In seguito gli “impegnati” si disimpegnano, mentre Baglioni allunga il suo talento su tutti i temi della modernità, pur continuando a darmi una mano, parlando con linguaggi che posso capire (e sommamente ammirare) dei temi a me più ostici delle emozioni, delle intimità, del sangue e della carne.

Diventerà il più bravo. Lo percepirò meritevole del titolo di “vate” che si dette a Carducci. Lo seguirò ovunque con l’affetto che si deve a un fratello e con l’orgogliosa percezione di condividere il mio tempo di vita con uno dei grandi di una storia della nostra lingua e della nostra arte che comincia 700 anni fa con Dante e arriva a lui in poche decine di passaggi.

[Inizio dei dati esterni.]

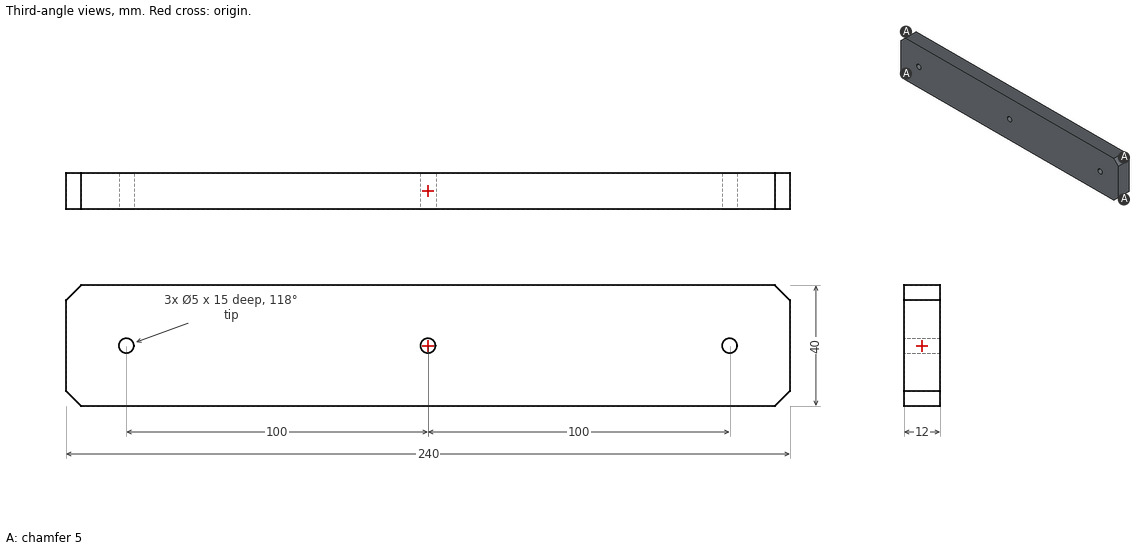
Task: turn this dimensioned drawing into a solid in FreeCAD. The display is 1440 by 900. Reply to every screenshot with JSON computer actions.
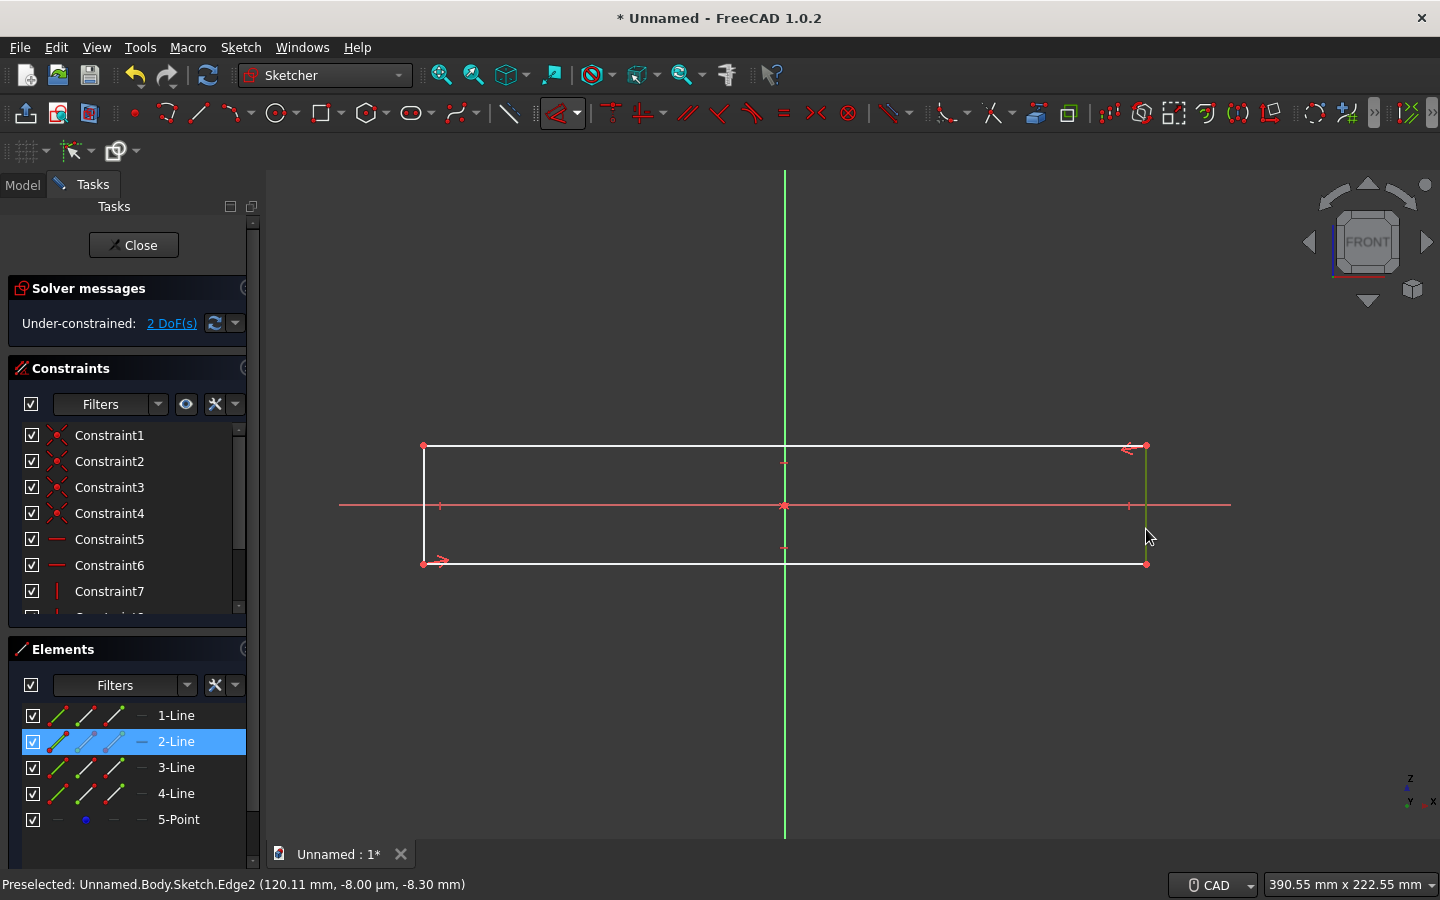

Oggi le barriere non sono più così nette. “Impegno” può intendersi come una forma progressista di educazione sentimentale, etica, ambientale, civica, sessuale. Si può fare la rivoluzione non solo perseguendo un grande obiettivo di trasformazione del sistema economico. Si possono condurre anche rivoluzioni personali, di coppia, di famiglia, di piccole comunità aziendali, sportive, di volontariato…. E, tante volte, sono proprio le parole dei cantanti più capaci e popolari ad ispirarle.

Nel 1989 i concerti di Bruce Springsteen e di altre rock star, tenuti a Berlino Ovest, e amplificati in modo da poter essere sentiti anche all’Est, saranno carburante per l’incendio della rivoluzione pacifica che abbatterà il Muro e la Cortina di Ferro.

“Una canzone non potrà mai cambiar la vita…” Forse quella volta il “maestro” Claudio si era sbagliato. Forse si può. Strada facendo, di esempi, ne abbiamo visti molti.